Friday, January 1, 2021

Sparse Matrices

Sparse Matrices

Data Structures - Sparse Matrices

Table of Contents

  1. Introduction
  2. Construction Matrices
    1. Coordinate Matrix
    2. Linked List Matrix
    3. Dictionary of Keys Matrix
  3. Compressed Sparse Matrices
    1. Compressed Sparse Row/Column
    2. Block Sparse Row
  4. Diagonal Matrix
  5. Specialized Functions
  6. Other Libraries
    1. Pandas
    2. Scikit-Learn
    3. PyData Sparse
  7. Final Thoughts

Introduction

A sparse matrix is a matrix that has a value of 0 for most elements.
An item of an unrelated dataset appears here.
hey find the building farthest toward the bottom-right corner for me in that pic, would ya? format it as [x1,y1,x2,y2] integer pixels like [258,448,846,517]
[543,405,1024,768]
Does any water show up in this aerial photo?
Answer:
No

If the ratio of Number of Non-Zero (NNZ) elements to the size is less than 0.5, the matrix is sparse. While this is the mathematical definition, I will be using the term sparse for matrices with only NNZ elements and dense for matrices with all elements.

Sparse vs Dense

Storing information about all the 0 elements is inefficient, so we will assume unspecified elements to be 0. Using this scheme, sparse matrices can perform faster operations and use less memory than its corresponding dense matrix representation, which is especially important when working with large data sets in data science.

Today we will investigate all of the different implementations provided by the SciPy sparse package. This implementation is modeled after np.matrix opposed to np.ndarray, thus is restricted to 2-D arrays and having quirks like A * B doing matrix multiplication instead of element-wise multiplication.
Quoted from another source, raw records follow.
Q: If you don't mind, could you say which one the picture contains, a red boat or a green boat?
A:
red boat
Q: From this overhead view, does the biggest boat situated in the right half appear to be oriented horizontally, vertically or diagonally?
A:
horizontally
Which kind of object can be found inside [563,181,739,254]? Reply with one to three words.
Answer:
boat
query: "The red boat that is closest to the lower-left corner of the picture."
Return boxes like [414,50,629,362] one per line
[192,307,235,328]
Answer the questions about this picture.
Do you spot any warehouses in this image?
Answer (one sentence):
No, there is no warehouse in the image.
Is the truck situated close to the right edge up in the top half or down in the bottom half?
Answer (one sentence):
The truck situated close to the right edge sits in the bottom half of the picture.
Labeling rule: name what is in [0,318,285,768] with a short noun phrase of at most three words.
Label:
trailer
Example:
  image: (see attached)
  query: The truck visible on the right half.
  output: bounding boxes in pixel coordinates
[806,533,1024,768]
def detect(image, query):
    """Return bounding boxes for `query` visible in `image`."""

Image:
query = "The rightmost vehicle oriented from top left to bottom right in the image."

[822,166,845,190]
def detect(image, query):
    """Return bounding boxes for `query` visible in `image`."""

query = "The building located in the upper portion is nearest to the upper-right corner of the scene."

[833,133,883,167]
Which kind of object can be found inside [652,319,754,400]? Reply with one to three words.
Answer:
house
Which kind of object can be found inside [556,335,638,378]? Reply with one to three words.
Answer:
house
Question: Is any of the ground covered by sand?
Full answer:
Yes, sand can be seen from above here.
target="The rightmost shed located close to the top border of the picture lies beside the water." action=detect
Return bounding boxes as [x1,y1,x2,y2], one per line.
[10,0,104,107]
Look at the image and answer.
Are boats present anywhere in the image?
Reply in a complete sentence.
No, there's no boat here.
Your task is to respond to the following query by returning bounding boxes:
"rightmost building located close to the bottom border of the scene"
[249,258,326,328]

In [0]: from scipy import sparse

In [1]: import numpy as np

In [2]: spmatrix = sparse.random(10, 10)

In [3]: spmatrix
Out[3]:
<10x10 sparse matrix of type '<class 'numpy.float64'>'
        with 1 stored elements in COOrdinate format>

In [4]: spmatrix.nnz / np.product(spmatrix.shape)  # sparsity
Out[4]: 0.01

Construction Matrices

Different sparse formats have their strengths and weaknesses. A good starting point is looking at formats that are efficient for constructing these matrices. Typically you would start with one of these forms and then convert to another when ready to do calculations.

Coordinate Matrix

Perhaps the simplest sparse format to understand is the COOrdinate (COO) format. This variant uses three subarrays to store the element values and their coordinate positions.

COO Matrix

In [5]: row = [1, 3, 0, 2, 4]

In [6]: col = [1, 4, 2, 3, 3]

In [7]: data = [2, 5, 9, 1, 6]

In [8]: coo = sparse.coo_matrix((data, (row, col)), shape=(6, 7))

In [9]: print(coo)  # coordinate-value format
# (1, 1)        2
# (3, 4)        5
# (0, 2)        9
# (2, 3)        1
# (4, 3)        6

In [10]: coo.todense()  # coo.toarray() for ndarray instead
Out[10]:
matrix([[0, 0, 9, 0, 0, 0, 0],
        [0, 2, 0, 0, 0, 0, 0],
        [0, 0, 0, 1, 0, 0, 0],
        [0, 0, 0, 0, 5, 0, 0],
        [0, 0, 0, 6, 0, 0, 0],
        [0, 0, 0, 0, 0, 0, 0]])

The savings on memory consumption is quite substantial as the matrix size increases. Managing data in a sparse structure is a fixed cost unlike the case for dense matrices. The overhead incurred from needing to manage the subarrays is becomes negligible as data grows making it a great choice for some datasets.

A word of caution: only use sparse arrays if they are sufficiently sparse enough; it would be counterproductive storing a mostly nonzero array using several subarrays to keep track of position and data.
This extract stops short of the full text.